-- Opening Marker --

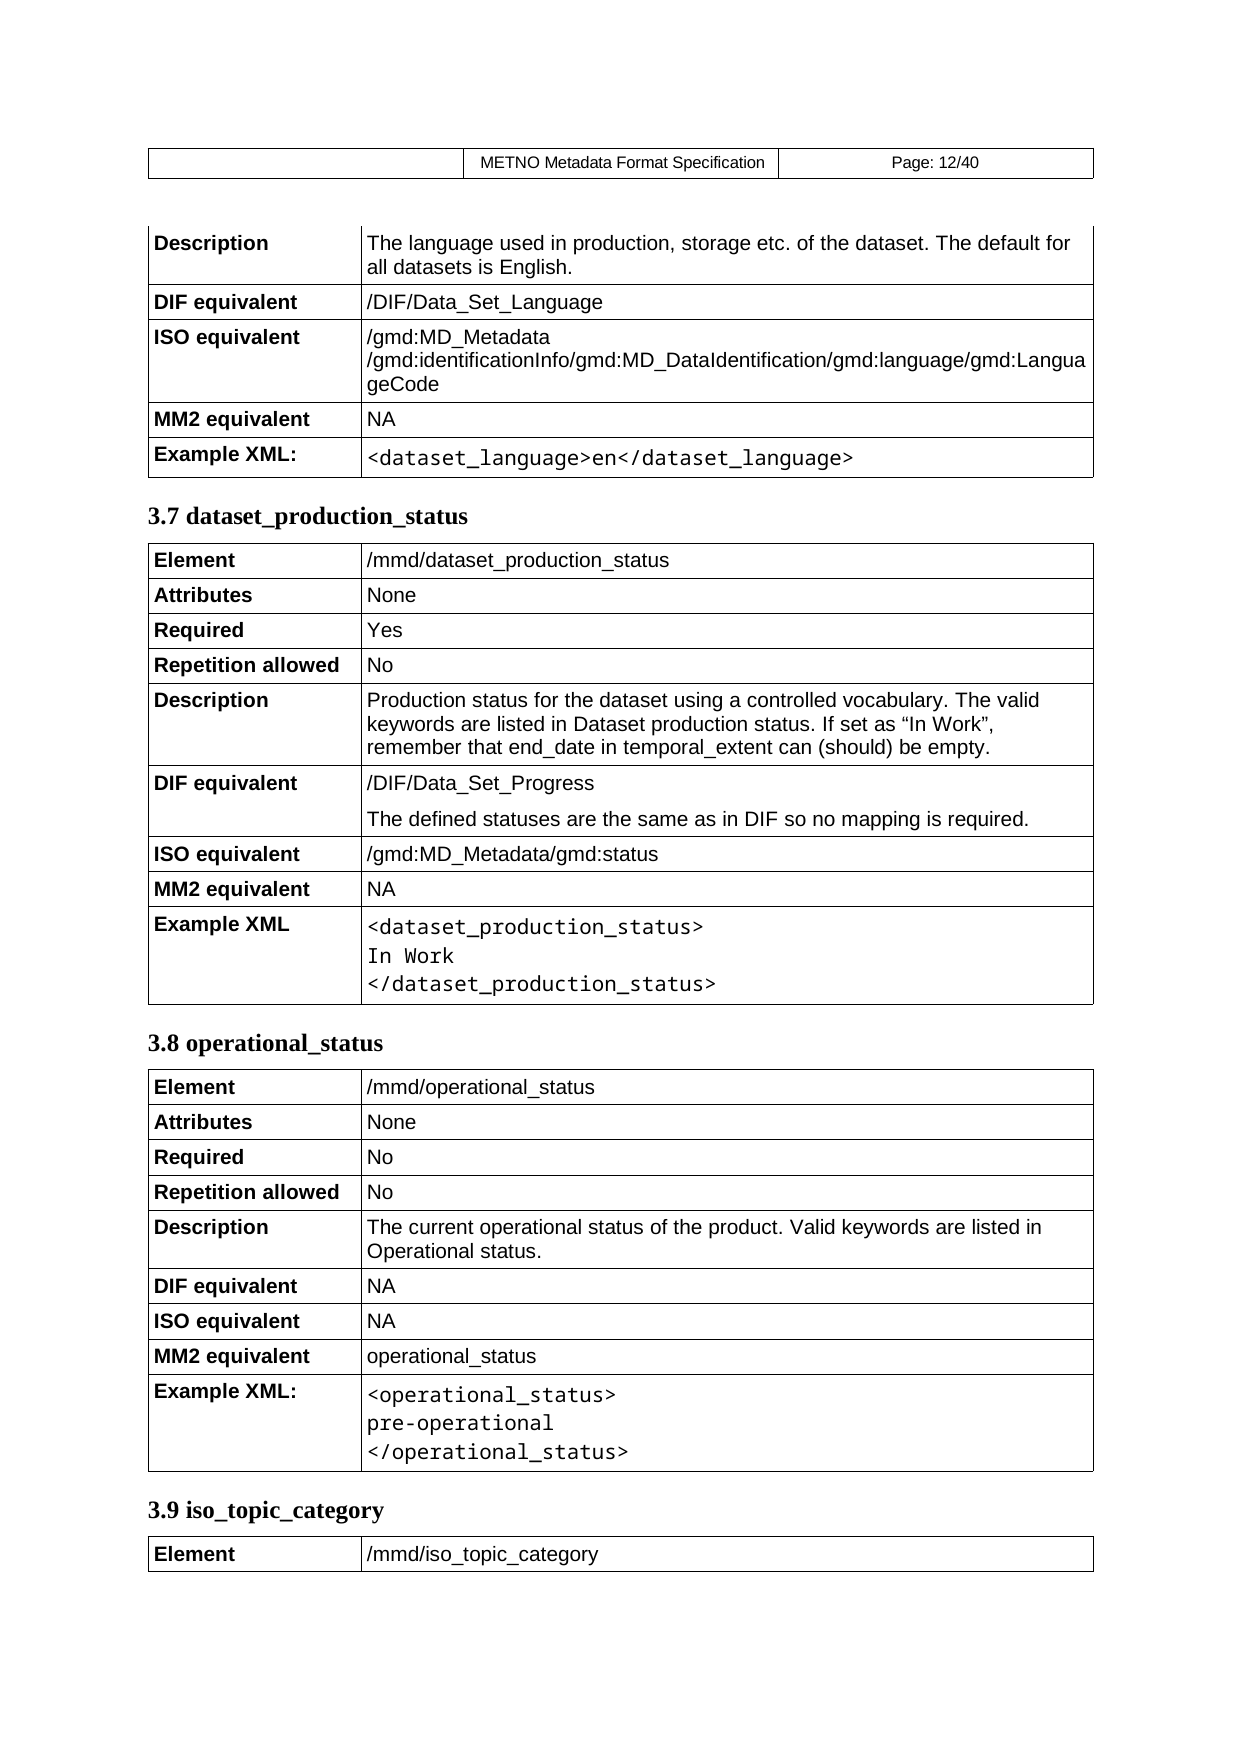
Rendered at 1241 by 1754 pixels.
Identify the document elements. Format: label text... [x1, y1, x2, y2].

table_cell Example XML: [149, 438, 361, 477]
table_cell No [362, 649, 1093, 683]
table_cell Example XML: [149, 1375, 361, 1471]
table_cell ISO equivalent [149, 837, 361, 871]
table_cell <operational_status> pre-operational </operational_status> [362, 1375, 1093, 1471]
table_cell Repetition allowed [149, 649, 361, 683]
table_header Element [149, 1070, 361, 1104]
table_cell Attributes [149, 1105, 361, 1139]
subtitle dataset_production_status [148, 502, 1093, 530]
table_cell Production status for the dataset using a controlled vocabulary. The valid keywords are listed in Dataset production status. If set as “In Work”, remember that end_date in temporal_extent can (should) be empty. [362, 684, 1093, 765]
table_cell The language used in production, storage etc. of the dataset. The default for all datasets is English. [362, 226, 1093, 284]
table_header Element [149, 544, 361, 578]
table_cell Repetition allowed [149, 1176, 361, 1210]
table_cell No [362, 1140, 1093, 1175]
table_cell MM2 equivalent [149, 1340, 361, 1374]
subtitle iso_topic_category [148, 1496, 1093, 1524]
table_cell Description [149, 1211, 361, 1268]
table_cell MM2 equivalent [149, 872, 361, 906]
table_cell /gmd:MD_Metadata /gmd:identificationInfo/gmd:MD_DataIdentification/gmd:language/gmd:LanguageCode [362, 320, 1093, 402]
table_cell NA [362, 1269, 1093, 1303]
table_cell Yes [362, 614, 1093, 648]
table_cell /DIF/Data_Set_Language [362, 285, 1093, 319]
table_header /mmd/dataset_production_status [362, 544, 1093, 578]
table_cell Required [149, 1140, 361, 1175]
subtitle operational_status [148, 1029, 1093, 1057]
table_cell ISO equivalent [149, 1304, 361, 1339]
table_cell DIF equivalent [149, 766, 361, 836]
table_header Element [149, 1537, 361, 1571]
table_cell /gmd:MD_Metadata/gmd:status [362, 837, 1093, 871]
table_header /mmd/operational_status [362, 1070, 1093, 1104]
table_cell Example XML [149, 907, 361, 1004]
table_cell No [362, 1176, 1093, 1210]
table_cell DIF equivalent [149, 285, 361, 319]
table_cell Description [149, 684, 361, 765]
table_cell <dataset_production_status> In Work </dataset_production_status> [362, 907, 1093, 1004]
table_cell None [362, 579, 1093, 613]
table_cell NA [362, 403, 1093, 437]
table_header /mmd/iso_topic_category [362, 1537, 1093, 1571]
table_cell None [362, 1105, 1093, 1139]
table_cell MM2 equivalent [149, 403, 361, 437]
table_cell Description [149, 226, 361, 284]
table_cell /DIF/Data_Set_Progress The defined statuses are the same as in DIF so no mapping is required. [362, 766, 1093, 836]
table_cell NA [362, 1304, 1093, 1339]
table_cell DIF equivalent [149, 1269, 361, 1303]
table_cell Attributes [149, 579, 361, 613]
table_cell operational_status [362, 1340, 1093, 1374]
table_cell The current operational status of the product. Valid keywords are listed in Operational status. [362, 1211, 1093, 1268]
table_cell <dataset_language>en</dataset_language> [362, 438, 1093, 477]
table_cell Required [149, 614, 361, 648]
table_cell ISO equivalent [149, 320, 361, 402]
table_cell NA [362, 872, 1093, 906]

-- Closing Marker --

• [Exercise prompt]:
Return the lines above, from the one containing "438, 1093, 477]" to the end, exactly as they stand.

• [Your solution]:
table_cell <dataset_language>en</dataset_language> [362, 438, 1093, 477]
table_cell Required [149, 614, 361, 648]
table_cell ISO equivalent [149, 320, 361, 402]
table_cell NA [362, 872, 1093, 906]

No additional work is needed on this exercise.